Brief
Write out the records in full and without alteration, setting aside their pictures.

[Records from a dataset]
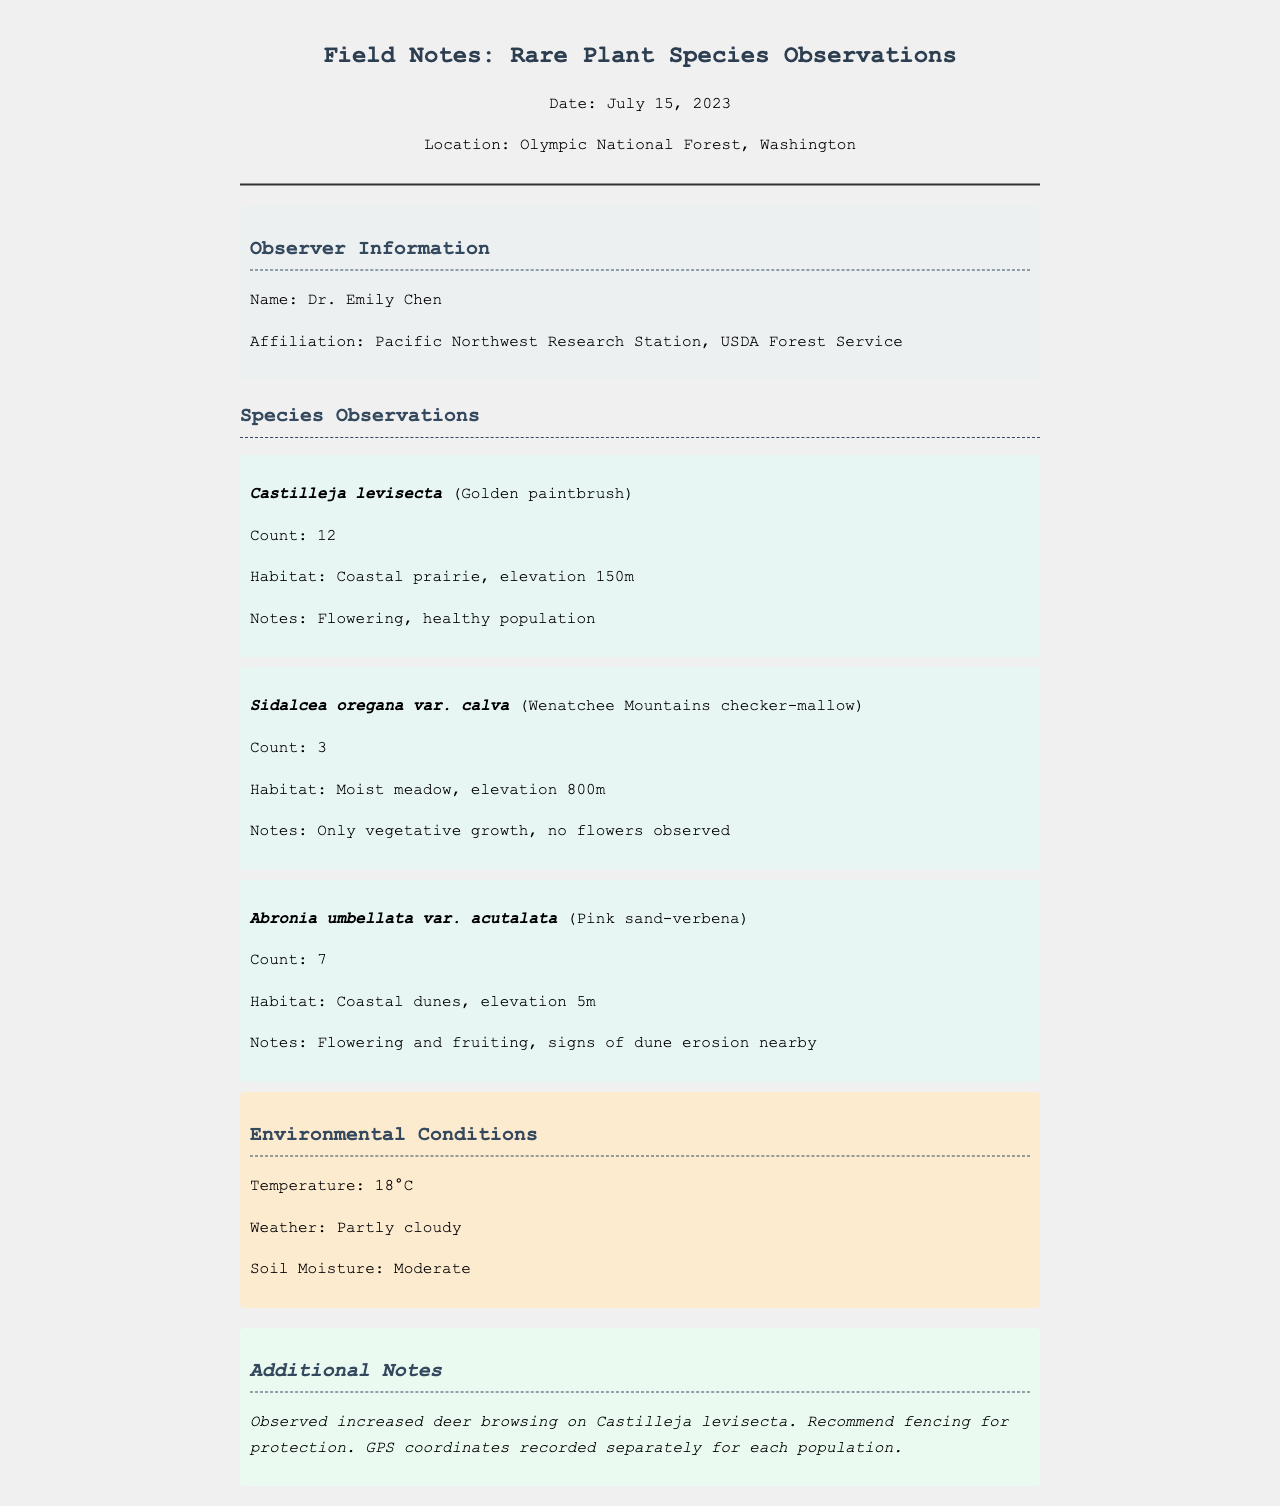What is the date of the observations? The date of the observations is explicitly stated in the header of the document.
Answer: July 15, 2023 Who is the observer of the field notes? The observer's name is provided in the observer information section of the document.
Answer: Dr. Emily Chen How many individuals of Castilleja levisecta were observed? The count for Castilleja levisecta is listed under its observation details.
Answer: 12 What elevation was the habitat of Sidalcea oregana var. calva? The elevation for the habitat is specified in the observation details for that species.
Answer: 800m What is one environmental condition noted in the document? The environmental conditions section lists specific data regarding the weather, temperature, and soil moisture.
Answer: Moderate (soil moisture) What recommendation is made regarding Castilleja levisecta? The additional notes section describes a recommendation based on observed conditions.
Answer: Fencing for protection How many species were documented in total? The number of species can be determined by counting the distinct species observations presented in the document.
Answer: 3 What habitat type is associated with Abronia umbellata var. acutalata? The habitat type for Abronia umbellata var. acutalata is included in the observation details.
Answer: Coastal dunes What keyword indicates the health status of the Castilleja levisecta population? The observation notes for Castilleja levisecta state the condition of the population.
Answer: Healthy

Task answer
What is the date of the observations? The date of the observations is explicitly stated in the header of the document.
Answer: July 15, 2023 Who is the observer of the field notes? The observer's name is provided in the observer information section of the document.
Answer: Dr. Emily Chen How many individuals of Castilleja levisecta were observed? The count for Castilleja levisecta is listed under its observation details.
Answer: 12 What elevation was the habitat of Sidalcea oregana var. calva? The elevation for the habitat is specified in the observation details for that species.
Answer: 800m What is one environmental condition noted in the document? The environmental conditions section lists specific data regarding the weather, temperature, and soil moisture.
Answer: Moderate (soil moisture) What recommendation is made regarding Castilleja levisecta? The additional notes section describes a recommendation based on observed conditions.
Answer: Fencing for protection How many species were documented in total? The number of species can be determined by counting the distinct species observations presented in the document.
Answer: 3 What habitat type is associated with Abronia umbellata var. acutalata? The habitat type for Abronia umbellata var. acutalata is included in the observation details.
Answer: Coastal dunes What keyword indicates the health status of the Castilleja levisecta population? The observation notes for Castilleja levisecta state the condition of the population.
Answer: Healthy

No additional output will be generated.